Expected Behavior or What you need to ask

Fluentd works for 10-12 hours, after this, will give you this error. The opensearch-node and address can be accessed via fluentd pod, everything works. If i restart the fluentd pods, will start work again and come back after some hours.

Using Fluentd and OpenSearch plugin versions

rwunderer commented 2 weeks ago

I have the same problem with fluentd 1.17.1 and fluent-plugin-opensearch (1.1.5), both fluentd and opensearch running in Kubernetes. For me it happens every 2-3 hours, making the system effectively unusable.

Sample error line:

2024-11-05 11:21:42 +0000 [warn]: #0 failed to flush the buffer. retry_times=0 next_retry_time=2024-11-05 11:21:43 +0000 chunk="626289ac7f7285beba39bb9c87054dee" error_class=Fluent::Plugin::OpenSearchOutput::RecoverableRequestFailure
 error="could not push logs to OpenSearch cluster ({:host=>\"opensearch-cluster.monitoring-platform.svc.cluster.local\", :port=>9200, :scheme=>\"https\", :user=>\"fluentduser\", :password=>\"obfuscated\", :path=>\"\"}): no address fo
r opensearch-cluster-warm-2 (Resolv::ResolvError)"

What I find interesting is that in the above error :host designates the configured output destination (a Kubernetes Service) but no address for mentions one of the opensearch nodes (a data only node in this example, but happens with all the nodes from time to time).

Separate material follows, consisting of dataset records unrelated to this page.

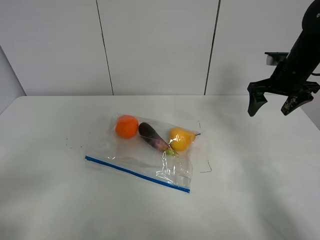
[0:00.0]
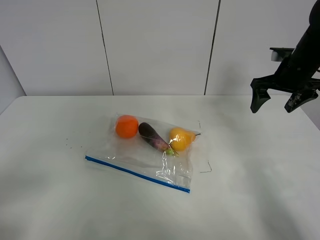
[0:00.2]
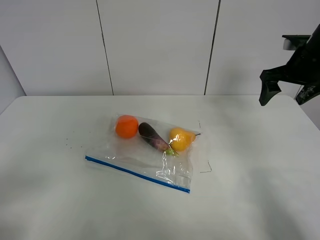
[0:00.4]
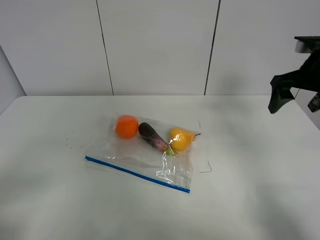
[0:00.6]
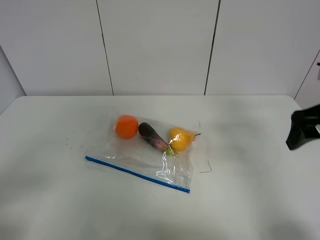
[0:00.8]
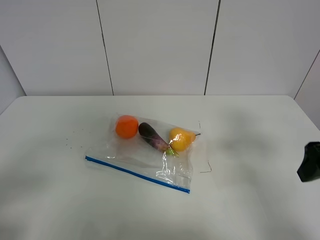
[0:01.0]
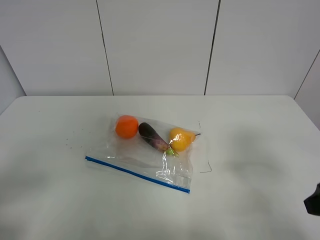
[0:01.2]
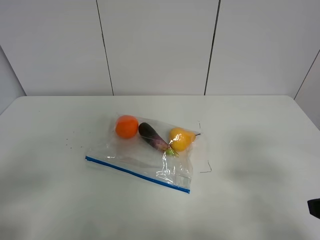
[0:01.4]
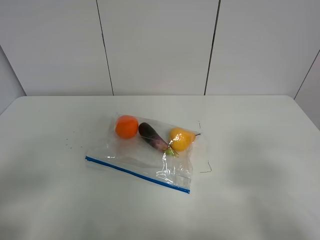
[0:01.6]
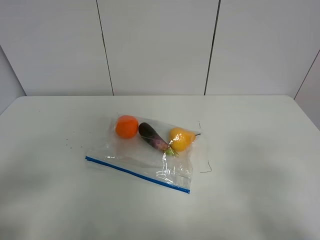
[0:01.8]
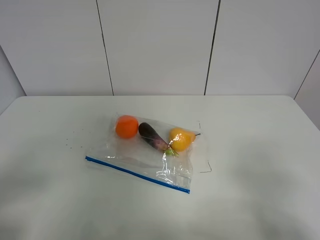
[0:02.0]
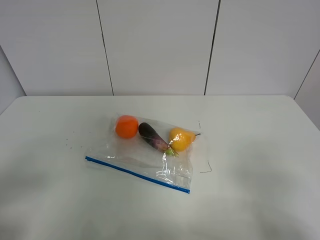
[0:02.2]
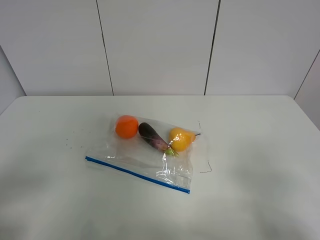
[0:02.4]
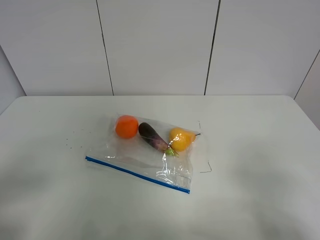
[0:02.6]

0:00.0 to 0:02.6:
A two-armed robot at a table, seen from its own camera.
0:00.0 to 0:01.2: The right gripper goes approximately 30 cm backward.

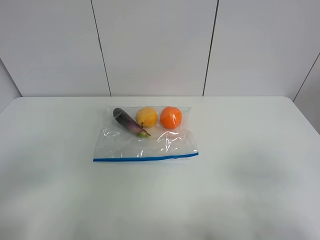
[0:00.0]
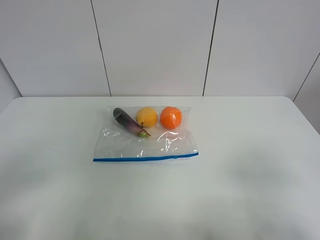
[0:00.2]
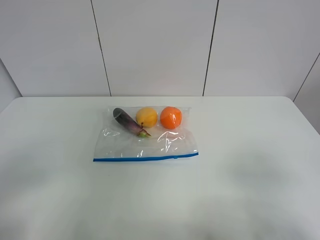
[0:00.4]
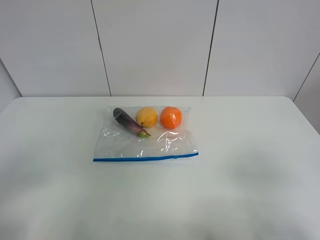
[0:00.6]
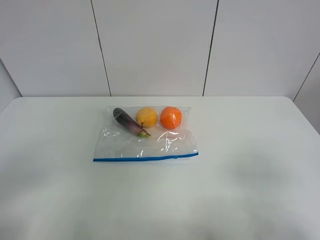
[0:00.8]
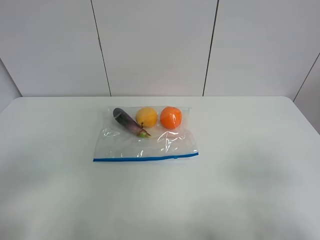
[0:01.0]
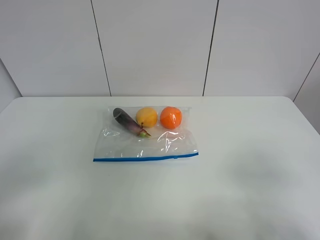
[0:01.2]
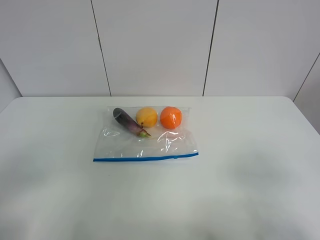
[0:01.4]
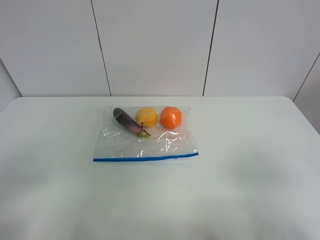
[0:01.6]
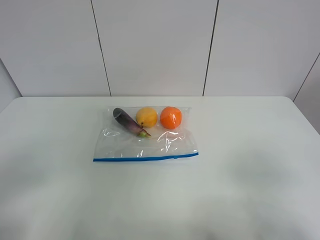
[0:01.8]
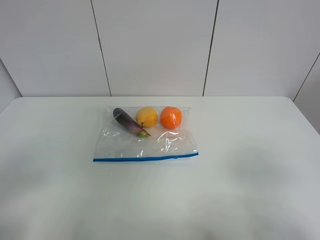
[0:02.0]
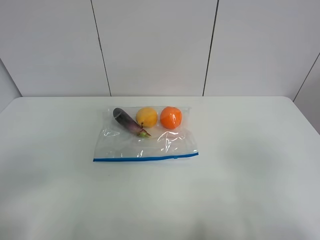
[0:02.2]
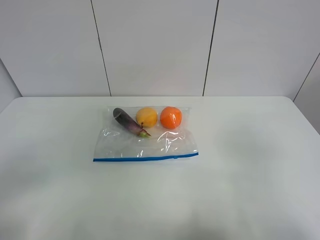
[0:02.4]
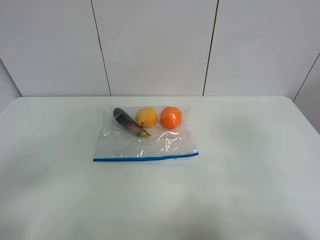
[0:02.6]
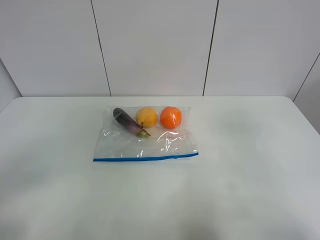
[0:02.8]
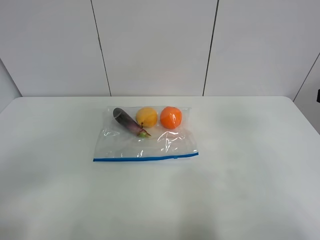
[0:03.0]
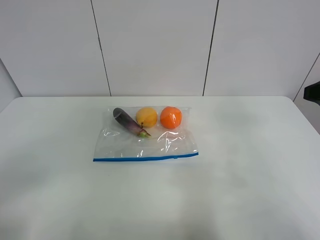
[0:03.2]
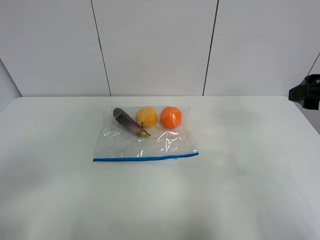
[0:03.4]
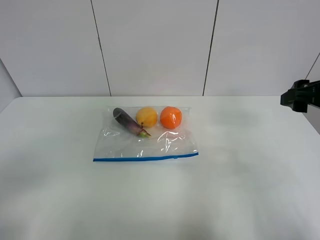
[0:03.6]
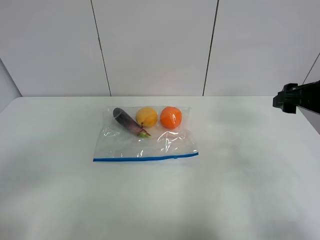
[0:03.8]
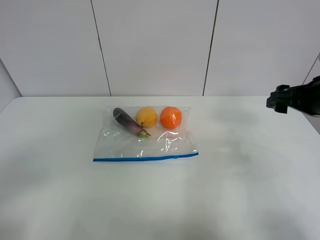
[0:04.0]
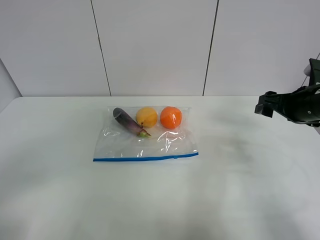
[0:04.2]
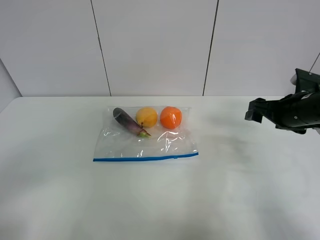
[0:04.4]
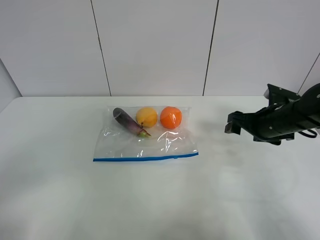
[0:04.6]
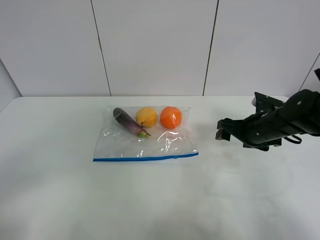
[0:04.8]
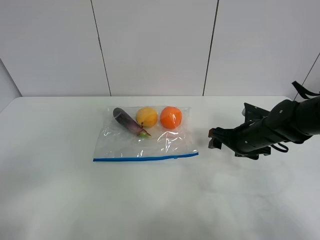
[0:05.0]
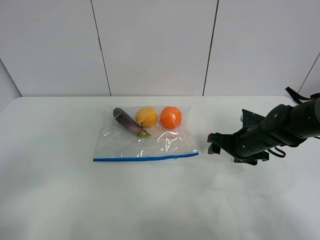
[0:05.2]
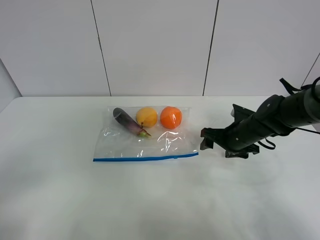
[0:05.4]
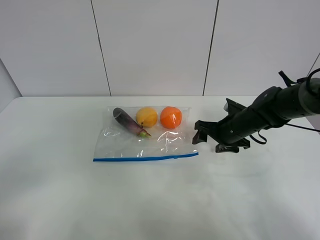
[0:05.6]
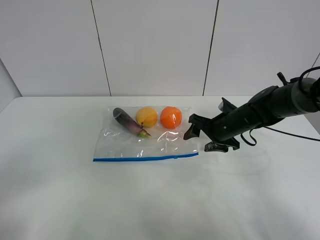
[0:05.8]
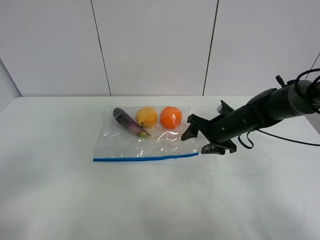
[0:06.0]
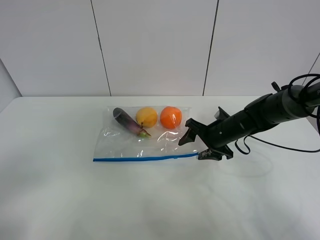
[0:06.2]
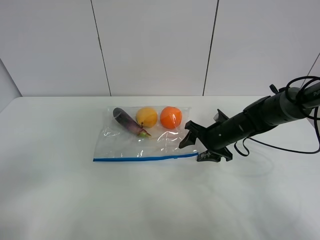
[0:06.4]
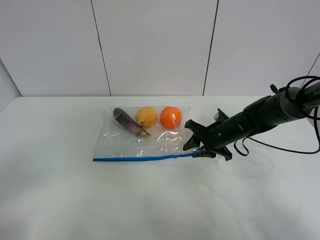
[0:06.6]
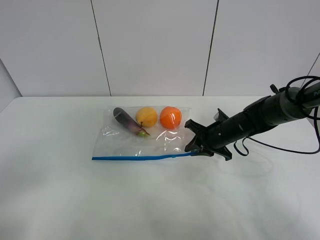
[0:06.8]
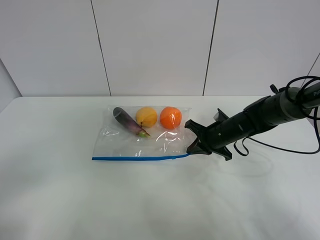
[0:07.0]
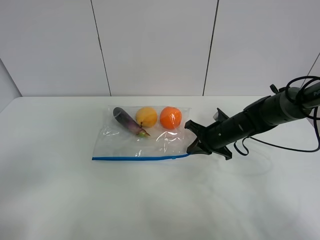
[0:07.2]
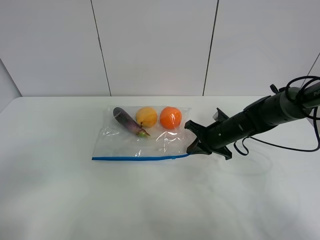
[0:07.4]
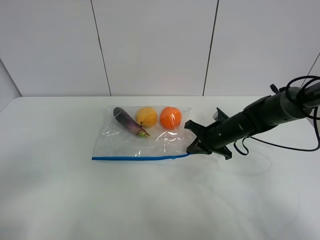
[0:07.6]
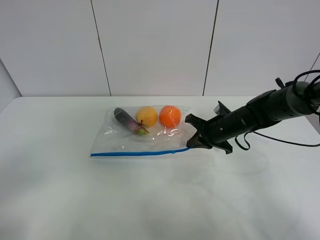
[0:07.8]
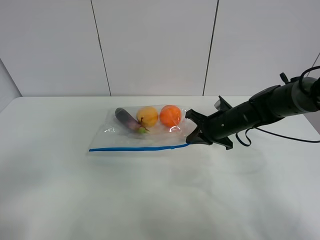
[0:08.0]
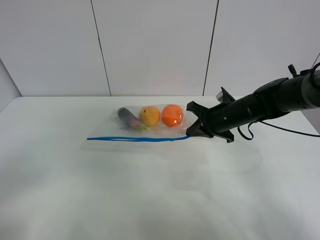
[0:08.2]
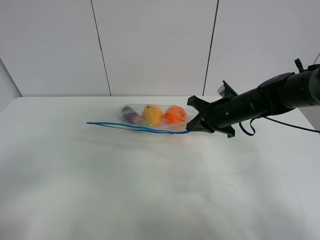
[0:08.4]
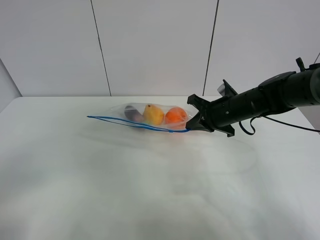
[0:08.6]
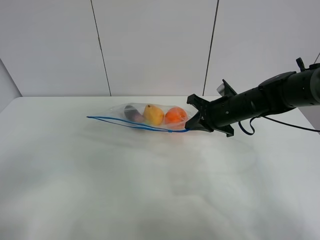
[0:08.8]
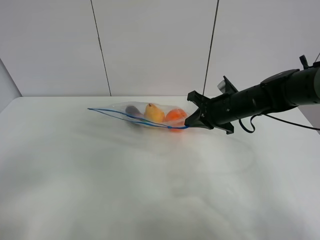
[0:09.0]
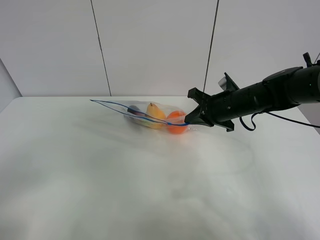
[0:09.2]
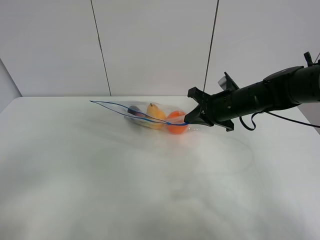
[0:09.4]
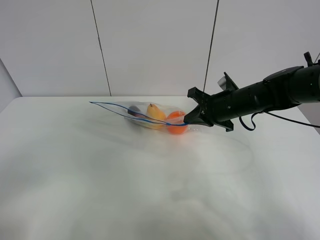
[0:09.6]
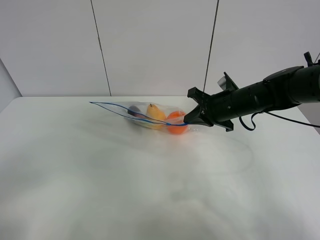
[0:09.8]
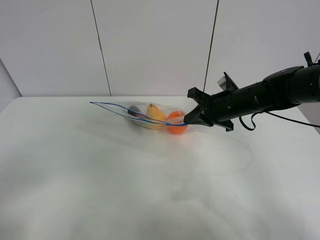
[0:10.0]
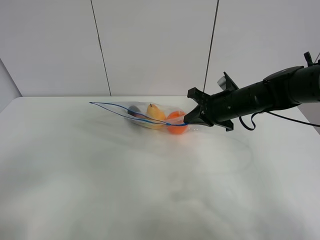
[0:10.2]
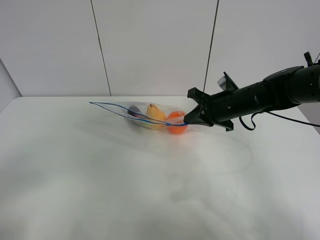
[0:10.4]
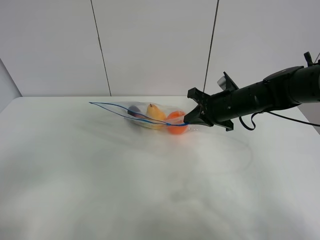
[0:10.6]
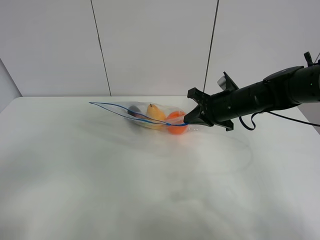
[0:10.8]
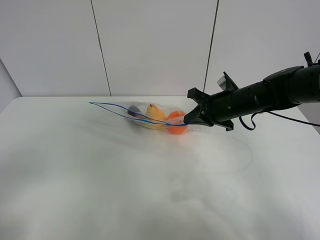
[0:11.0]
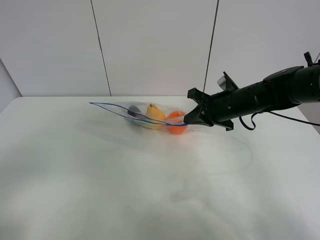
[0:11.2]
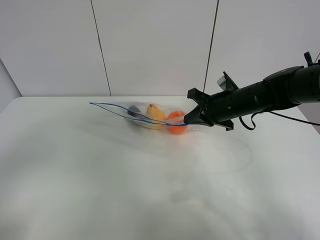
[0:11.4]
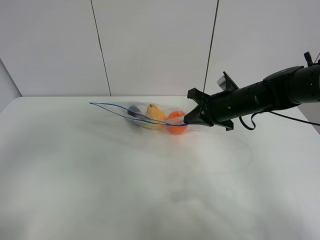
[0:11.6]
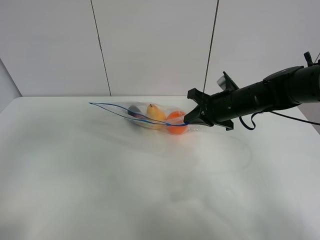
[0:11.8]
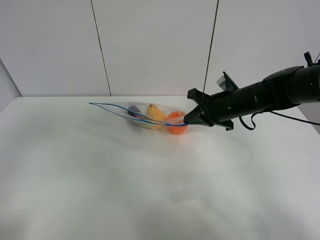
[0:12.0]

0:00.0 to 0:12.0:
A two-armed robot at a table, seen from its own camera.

I have no idea why it would try to resolve an individual node (i.e. a pod).

rwunderer commented 2 weeks ago

@andreibrebene not sure if it's too early to celebrate but I seem to have mitigated the problem by setting:

reconnect_on_error true

in the output section.

I still see the above error in the log from time to time, but now it recovers immediately on the next try!